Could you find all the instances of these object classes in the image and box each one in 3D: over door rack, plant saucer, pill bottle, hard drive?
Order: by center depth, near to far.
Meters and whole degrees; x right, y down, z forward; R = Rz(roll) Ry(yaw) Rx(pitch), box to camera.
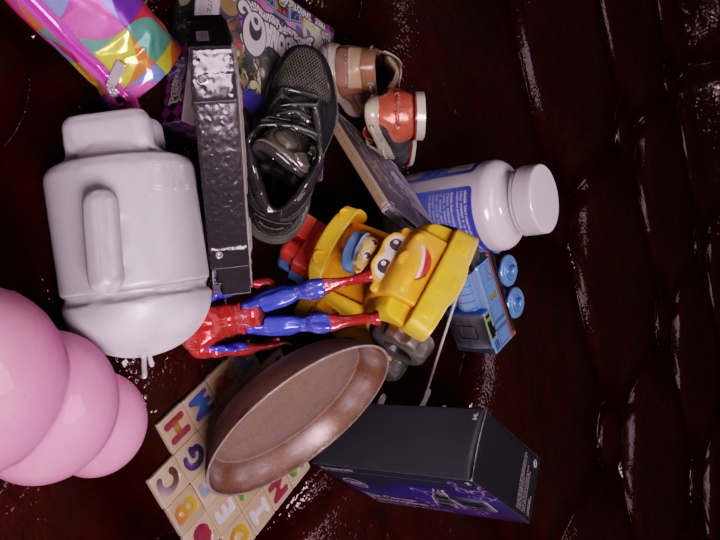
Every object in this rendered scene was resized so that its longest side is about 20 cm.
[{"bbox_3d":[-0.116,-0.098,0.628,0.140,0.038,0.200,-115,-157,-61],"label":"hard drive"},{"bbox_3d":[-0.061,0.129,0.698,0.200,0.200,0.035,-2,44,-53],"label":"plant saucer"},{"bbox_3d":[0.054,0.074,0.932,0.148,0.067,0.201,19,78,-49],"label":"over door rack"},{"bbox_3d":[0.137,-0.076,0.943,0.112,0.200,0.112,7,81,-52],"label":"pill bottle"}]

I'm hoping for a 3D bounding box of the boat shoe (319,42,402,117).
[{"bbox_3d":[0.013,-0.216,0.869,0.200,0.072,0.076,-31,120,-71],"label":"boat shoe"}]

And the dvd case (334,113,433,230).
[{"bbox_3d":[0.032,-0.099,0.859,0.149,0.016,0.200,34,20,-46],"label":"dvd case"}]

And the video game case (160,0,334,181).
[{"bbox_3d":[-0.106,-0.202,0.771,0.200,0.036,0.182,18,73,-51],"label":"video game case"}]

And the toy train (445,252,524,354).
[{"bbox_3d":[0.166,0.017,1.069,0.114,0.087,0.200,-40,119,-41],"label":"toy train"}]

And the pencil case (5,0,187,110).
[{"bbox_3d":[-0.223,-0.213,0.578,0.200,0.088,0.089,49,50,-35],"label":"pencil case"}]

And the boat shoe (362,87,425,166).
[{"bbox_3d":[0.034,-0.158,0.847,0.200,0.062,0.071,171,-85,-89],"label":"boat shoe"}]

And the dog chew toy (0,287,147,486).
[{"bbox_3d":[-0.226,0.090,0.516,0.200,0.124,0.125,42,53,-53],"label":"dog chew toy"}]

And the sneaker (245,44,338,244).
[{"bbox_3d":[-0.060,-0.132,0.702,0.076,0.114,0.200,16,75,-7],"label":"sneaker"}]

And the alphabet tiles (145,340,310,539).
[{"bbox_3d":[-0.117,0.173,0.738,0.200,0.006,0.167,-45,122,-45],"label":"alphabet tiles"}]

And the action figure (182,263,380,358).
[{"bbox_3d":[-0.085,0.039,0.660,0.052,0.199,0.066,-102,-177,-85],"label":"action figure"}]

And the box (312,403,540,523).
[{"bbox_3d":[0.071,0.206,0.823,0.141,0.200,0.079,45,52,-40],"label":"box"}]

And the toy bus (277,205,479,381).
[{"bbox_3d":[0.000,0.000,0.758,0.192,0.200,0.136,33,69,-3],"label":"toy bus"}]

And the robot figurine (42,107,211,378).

▶ [EXERCISE DETAILS]: Transcribe the listing verbatim, pictures excluded.

▶ [EXPECTED OUTPUT]:
Could you find all the instances of these object classes in the image and box each one in 3D: over door rack, plant saucer, pill bottle, hard drive?
Order: by center depth, near to far.
Meters and whole degrees; x right, y down, z forward; R = Rz(roll) Ry(yaw) Rx(pitch), box to camera.
Every object in this rendered scene was resized so that its longest side is about 20 cm.
[{"bbox_3d":[-0.116,-0.098,0.628,0.140,0.038,0.200,-115,-157,-61],"label":"hard drive"},{"bbox_3d":[-0.061,0.129,0.698,0.200,0.200,0.035,-2,44,-53],"label":"plant saucer"},{"bbox_3d":[0.054,0.074,0.932,0.148,0.067,0.201,19,78,-49],"label":"over door rack"},{"bbox_3d":[0.137,-0.076,0.943,0.112,0.200,0.112,7,81,-52],"label":"pill bottle"}]

I'm hoping for a 3D bounding box of the boat shoe (319,42,402,117).
[{"bbox_3d":[0.013,-0.216,0.869,0.200,0.072,0.076,-31,120,-71],"label":"boat shoe"}]

And the dvd case (334,113,433,230).
[{"bbox_3d":[0.032,-0.099,0.859,0.149,0.016,0.200,34,20,-46],"label":"dvd case"}]

And the video game case (160,0,334,181).
[{"bbox_3d":[-0.106,-0.202,0.771,0.200,0.036,0.182,18,73,-51],"label":"video game case"}]

And the toy train (445,252,524,354).
[{"bbox_3d":[0.166,0.017,1.069,0.114,0.087,0.200,-40,119,-41],"label":"toy train"}]

And the pencil case (5,0,187,110).
[{"bbox_3d":[-0.223,-0.213,0.578,0.200,0.088,0.089,49,50,-35],"label":"pencil case"}]

And the boat shoe (362,87,425,166).
[{"bbox_3d":[0.034,-0.158,0.847,0.200,0.062,0.071,171,-85,-89],"label":"boat shoe"}]

And the dog chew toy (0,287,147,486).
[{"bbox_3d":[-0.226,0.090,0.516,0.200,0.124,0.125,42,53,-53],"label":"dog chew toy"}]

And the sneaker (245,44,338,244).
[{"bbox_3d":[-0.060,-0.132,0.702,0.076,0.114,0.200,16,75,-7],"label":"sneaker"}]

And the alphabet tiles (145,340,310,539).
[{"bbox_3d":[-0.117,0.173,0.738,0.200,0.006,0.167,-45,122,-45],"label":"alphabet tiles"}]

And the action figure (182,263,380,358).
[{"bbox_3d":[-0.085,0.039,0.660,0.052,0.199,0.066,-102,-177,-85],"label":"action figure"}]

And the box (312,403,540,523).
[{"bbox_3d":[0.071,0.206,0.823,0.141,0.200,0.079,45,52,-40],"label":"box"}]

And the toy bus (277,205,479,381).
[{"bbox_3d":[0.000,0.000,0.758,0.192,0.200,0.136,33,69,-3],"label":"toy bus"}]

And the robot figurine (42,107,211,378).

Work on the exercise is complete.